Drug Metabolism LO Flashcards
Lecture 5 Svensson
Name the primary organ involved in drug metabolism
Primary organ is liver because it has a smooth endoplasmic reticulum of liver cells, high concentration of drug metabolizing enzymes, and first organ exposed to compounds absorbed in the gut. Other important organs include GI tract, lungs, kidneys, brain, and skin
Define and differentiate the two phases of drug metabolism
Phase 1: In this phase, the drug undergoes chemical changes, like adding oxygen (oxidation) or adding an -OH group (hydroxylation). These changes either create new functional groups or make existing ones more accessible, preparing the drug for the next phase. Phase 1 reactions typically are catalyzed by CYP450 monooxygenase using NADPH and oxygen.
Phase 2: Here, a polar (water-friendly) group, such as acetyl or sulfate, is attached to the drug. This (glucoride) “conjugation” makes the drug easier for the body to eliminate.
Given a specific CYP450, identify the family, subfamily individual gene, and allelic variant component.
CYP2D6*1A
CYP (superfamily) 2 (family) D (subfamily) 6 (individual gene) * 1A (allele)
Differentiate between the mechanism of reversible and irreversible CYP450 inhibition
Reversible: compete with other substrates for occupancy of active site of the same CYP enzyme similar to a receptor antagonist. the inhibitor (a substance) temporarily attaches to the CYP450 enzyme. It blocks the enzyme from working but can detach after a while, allowing the enzyme to work again. It’s like a temporary “pause button” on enzyme activity.
Irreversible: Mechanism based inhibition. The inhibitor binds permanently to the CYP450 enzyme, usually by forming a strong chemical bond. This permanently deactivates the enzyme, stopping it from working for good. It’s like a “stop button” that permanently disables the enzyme’s function. The body has to make new enzymes to restore normal activity.
Explain why an enzyme inducer may increase the metabolism of drugs metabolized by different cytochromes P450.
An enzyme inducer speeds up the body’s process of breaking down drugs. It does this by making the body produce more of certain enzymes (like the cytochrome P450 enzymes) in the liver, which are responsible for drug metabolism.
When there are more of these enzymes, drugs get processed and removed from the body faster. This doesn’t just affect one type of enzyme but can increase multiple types, so any drug broken down by these enzymes will also be cleared out more quickly.
Provided a reaction, name the phase 2 metabolic process ( i.ec sulfonation, glucuronidation)
Glucuronidation: The body attaches a glucuronic acid (a sugar-like molecule) to the drug. This makes the drug more water-soluble, so it can be easily removed in urine or bile.
Sulfation (Sulfonation): The body adds a sulfate group (a sulfur-based group) to the drug. This also makes it more water-soluble, helping with easy excretion.

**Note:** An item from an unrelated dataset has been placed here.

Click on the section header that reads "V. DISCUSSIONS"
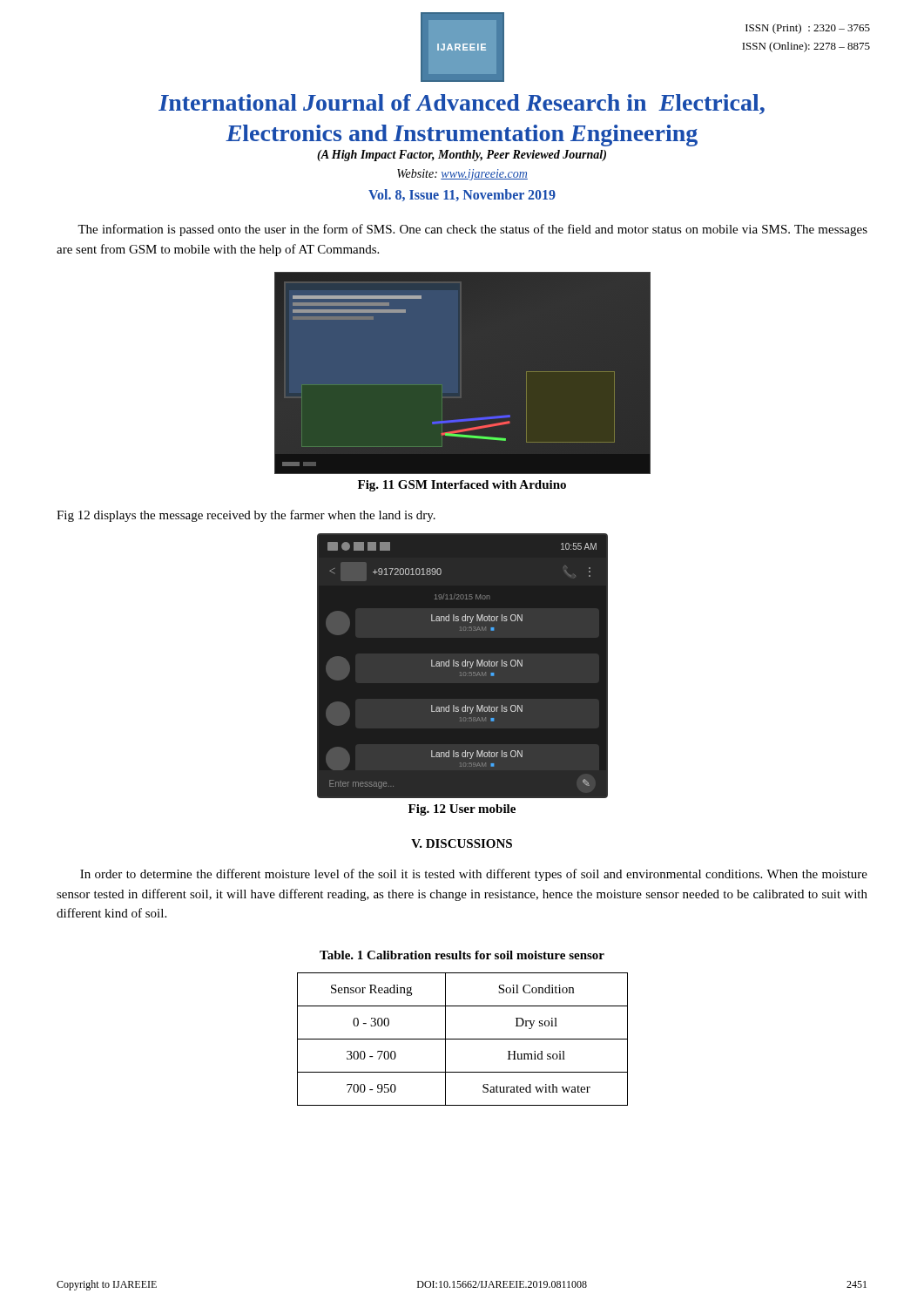pos(462,843)
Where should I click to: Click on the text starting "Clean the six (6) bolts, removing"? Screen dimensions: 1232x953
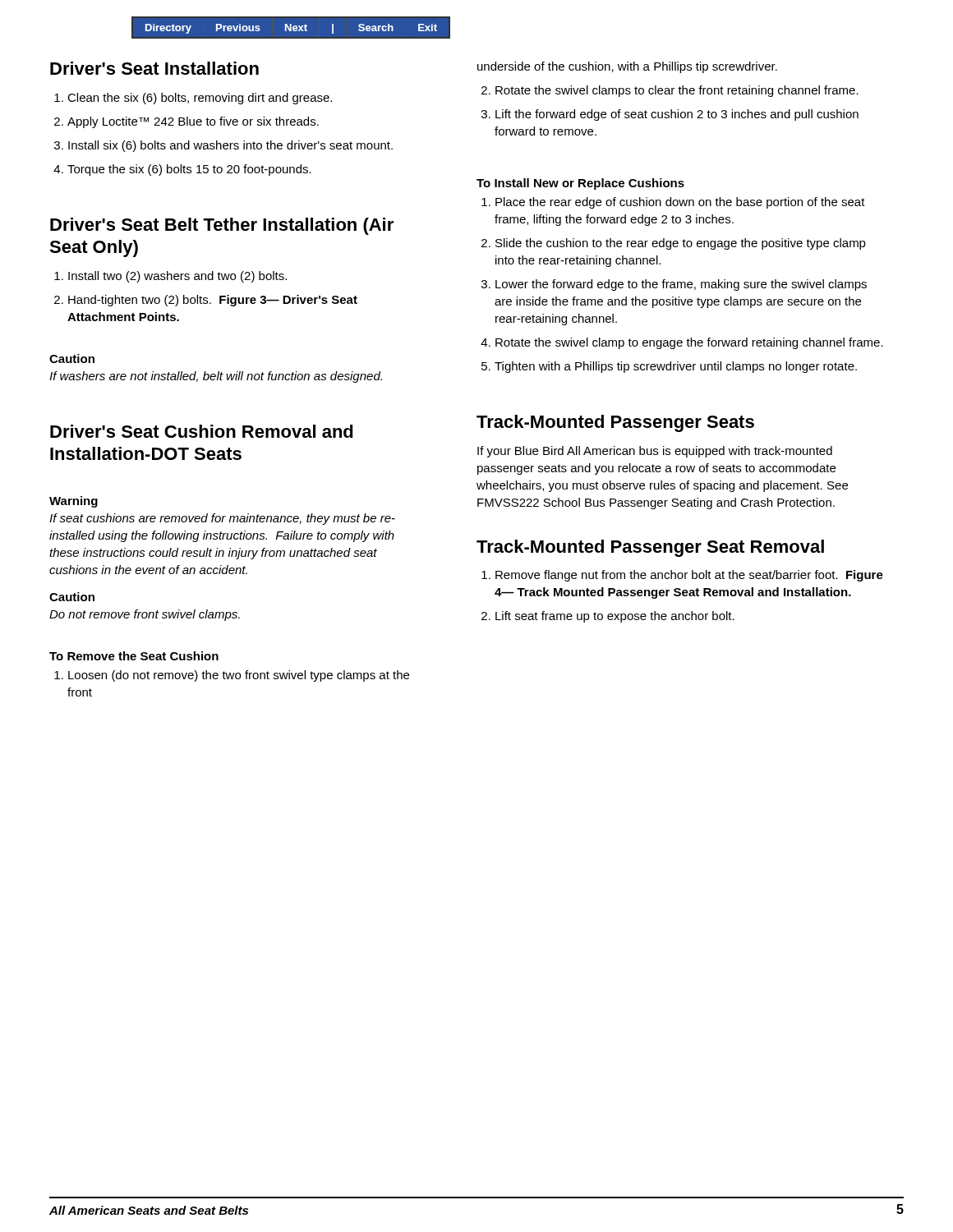pos(238,97)

Acetylation: An acetyl group (a small, carbon-based group) is added to the drug. This doesn’t increase water solubility much but can make the drug inactive and ready for elimination.
Methylation: The body adds a methyl group (a -CH₃ group) to the drug. This can change the drug’s activity or make it ready for excretion, though it doesn’t necessarily make it more water-soluble.
Glutathione Conjugation: A molecule called glutathione (GSH) attaches to the drug, especially if it’s potentially toxic. This process protects the body by neutralizing harmful parts of the drug and making it ready for excretion.
Amino Acid Conjugation: The drug combines with an amino acid (like glycine or glutamine). This makes the drug more water-soluble, helping the kidneys excrete it more easily.
Explain why genetic variation in metabolism often is not the most important factor in determining variation in drug concentration s and, ultimately, clinical response.
Genetic differences in metabolism do affect how fast or slow someone processes a drug, but they’re often not the main reason why people have different responses to the same drug. Here’s why:
Other Health Factors: Things like age, liver and kidney health, and overall wellness can have a bigger effect on drug levels than genetics.
Drug Interactions: If someone takes multiple medications, these can interact and change drug levels more than genetic differences. Some drugs can speed up or slow down the breakdown of others.
Lifestyle Choices: Diet, alcohol, and smoking can all change how the body processes drugs. For instance, alcohol can make the liver process some drugs faster or slower.
Drug Type and Dose: The form of the drug (pill, injection, etc.) and the dose matter a lot for how quickly and effectively it works, sometimes more than genetic factors.
Sensitivity to the Drug: Even if two people have the same drug level, one person might respond more strongly than the other. This depends on how sensitive their cells are to the drug, which can vary widely.